Challenging the colonial narratives surrounding the Netflix film Against the Ice, this personal, editorial project by a present-day descendant opens-up to cultural and historical inclusion by broadening the storytelling.
The new Netflix film Against the Ice is based on the adventures of a Danish polar explorer, captain, and coloniser in Kalaallit Nunaat (Greenland), who marked his agenda and achievements in books and maps that contributed to the production of ‘collective memory’ and the dominant history of Nordic colonialism.
This book is designed and edited by Gudrun Havsteen-Mikkelsen, the great-granddaughter of this same explorer, in collaboration with designer Anna Bierler. Combining visual and textual contributions, archival material, dialogues, and controversies, Snowblindness – Let’s talk about storytelling, colonialism, Netflix and my great grandfather presents new grounds for engagement with the polar explorer’s stories, whether these are visually, orally, or textually transferred. The result is a generous and vulnerable reader, which weaves information from a multiplicity of sources, and places particular emphasis on collaboration, trust, and questioning.

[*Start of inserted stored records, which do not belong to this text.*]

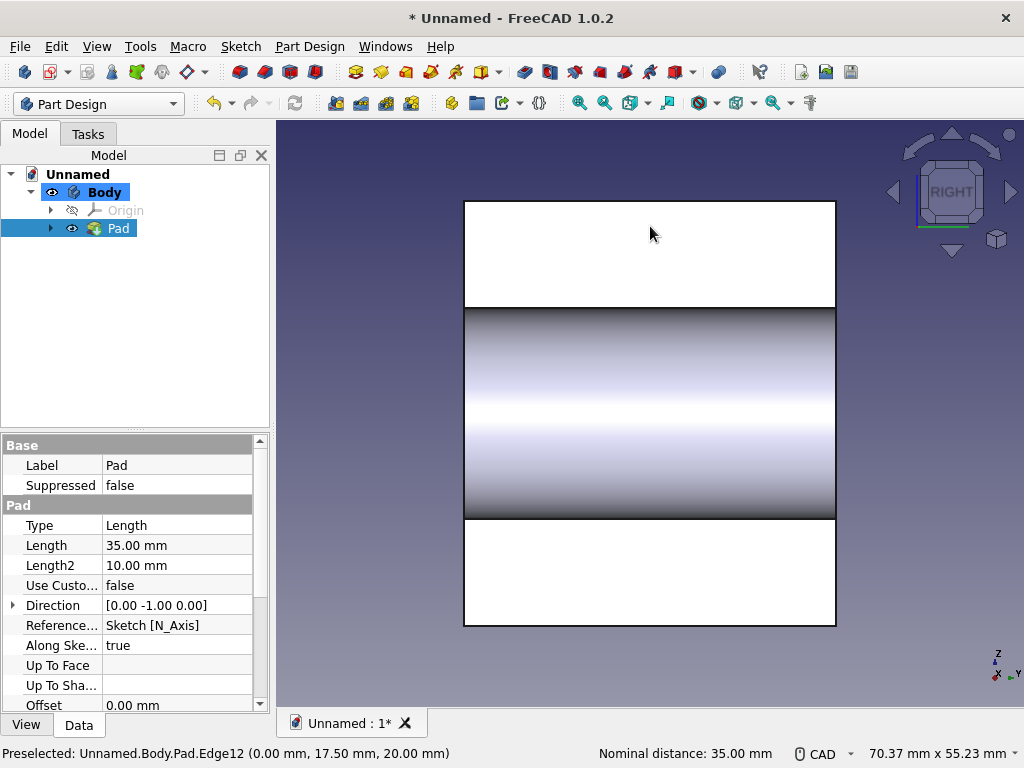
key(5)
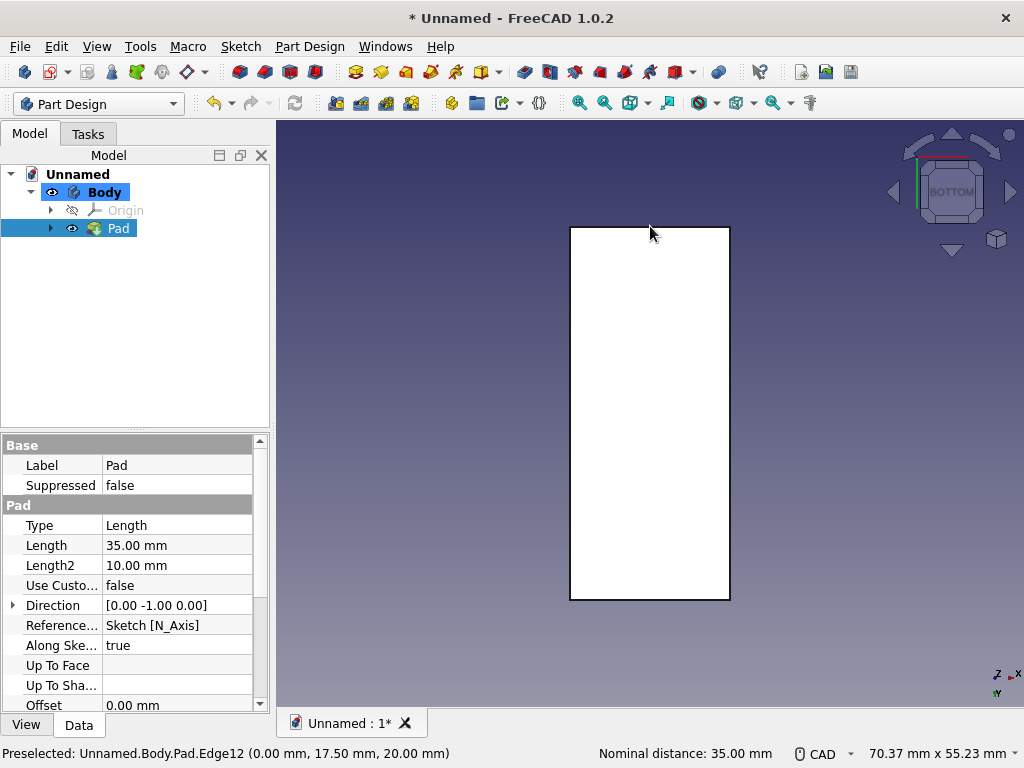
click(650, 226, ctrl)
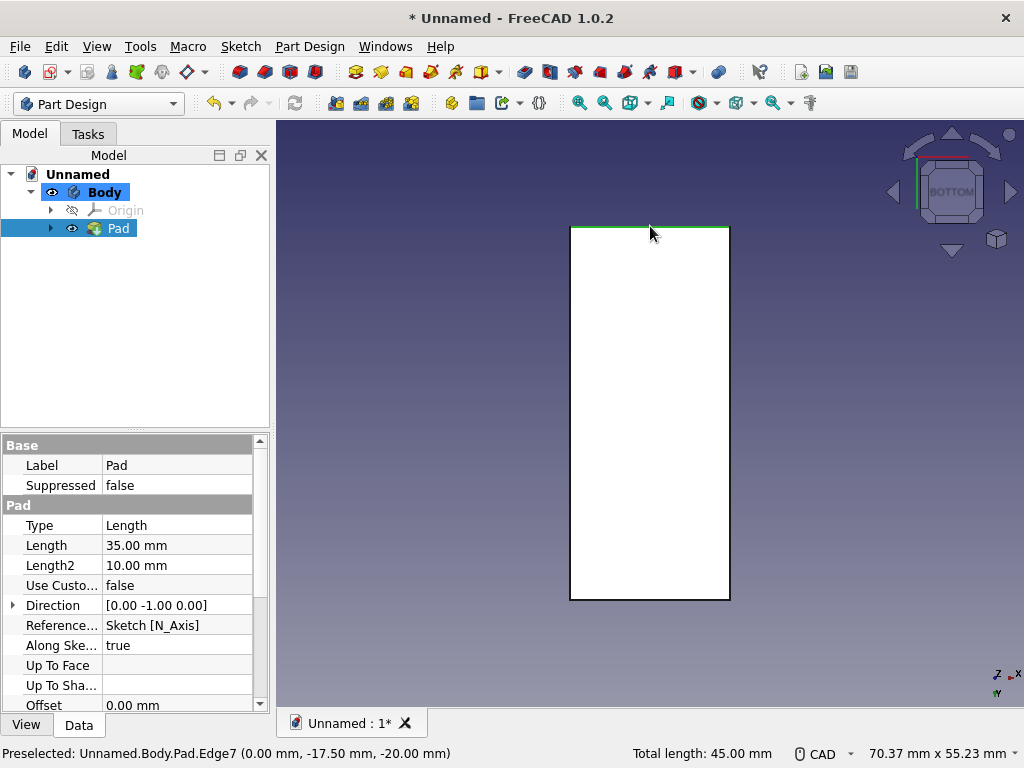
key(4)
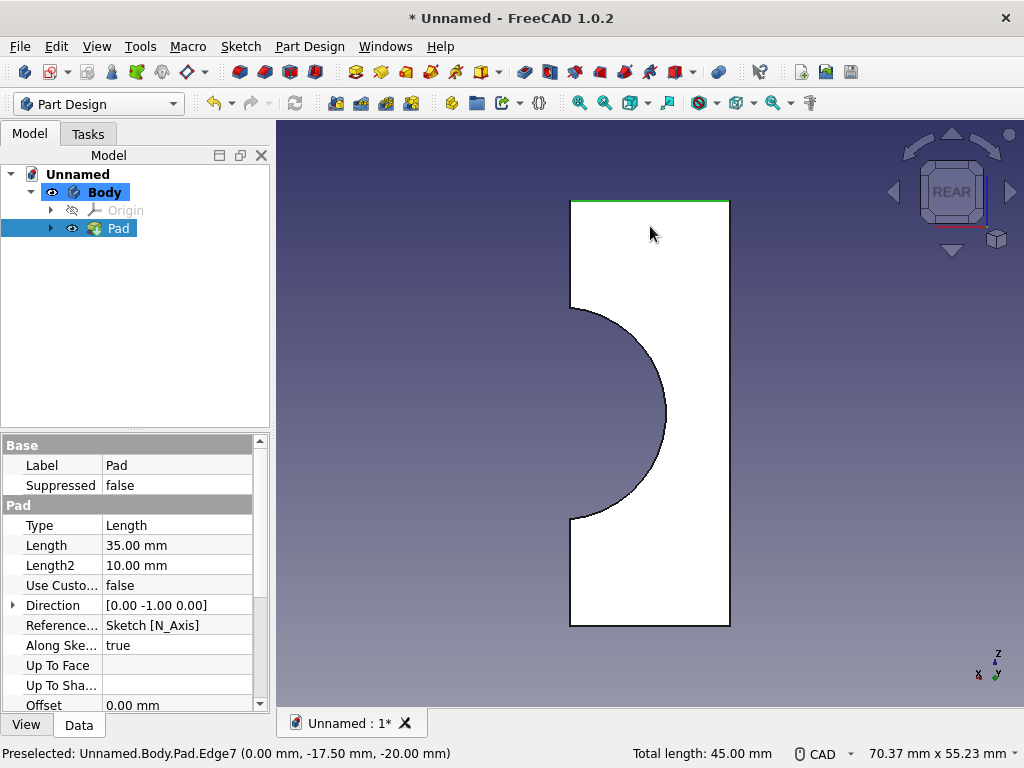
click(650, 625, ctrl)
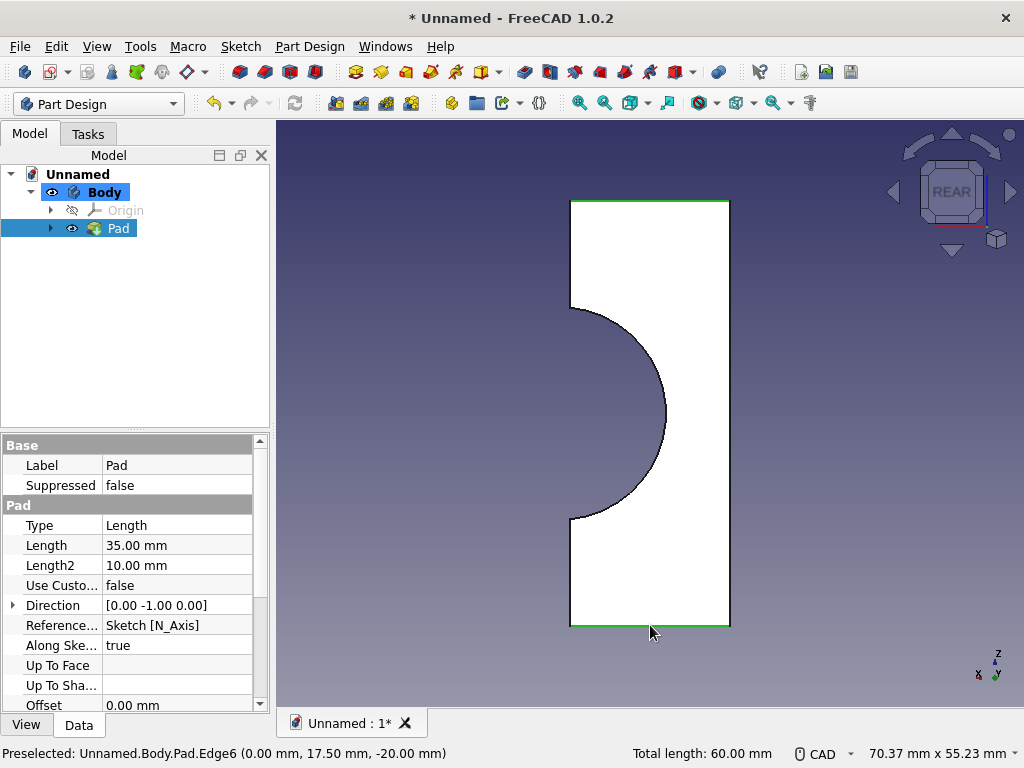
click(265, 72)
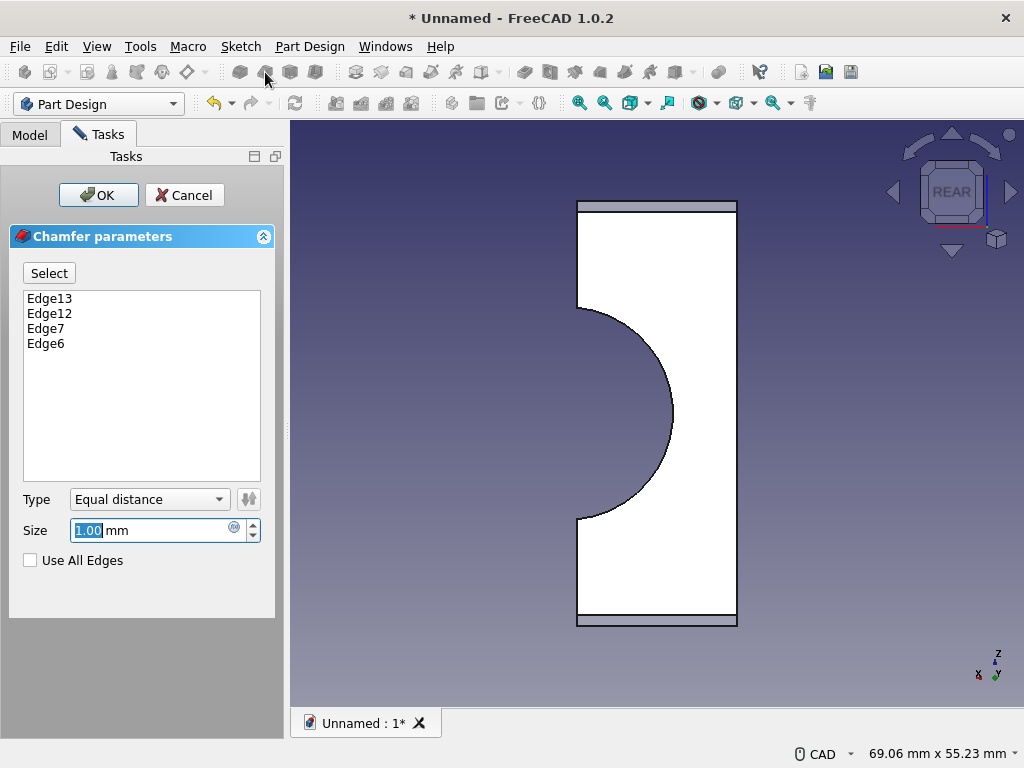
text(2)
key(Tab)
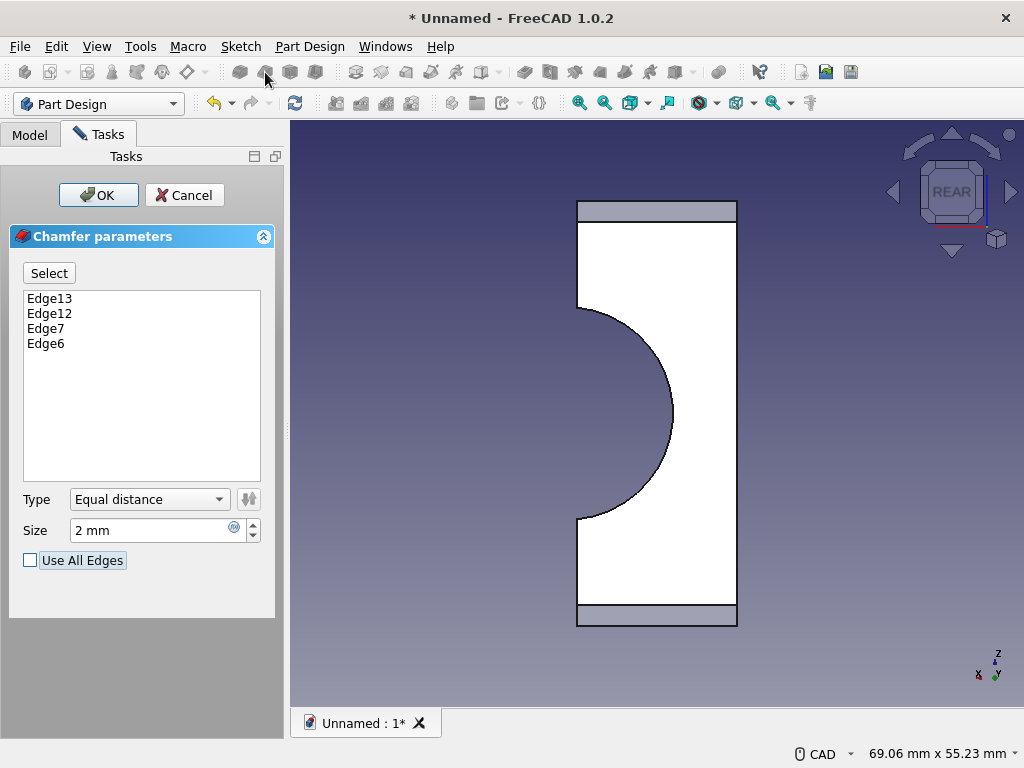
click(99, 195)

Our lives resonate through storytelling. The writing and rewriting of history, family stories handed down through generations, the inclusion of plural perspectives and subsequent broadening of conversations; our identities are made by narratives colliding and shifting. In Snowblindness, colonial narratives are challenged through such storytelling, encouraging a questioning of history, ethics, and aesthetics.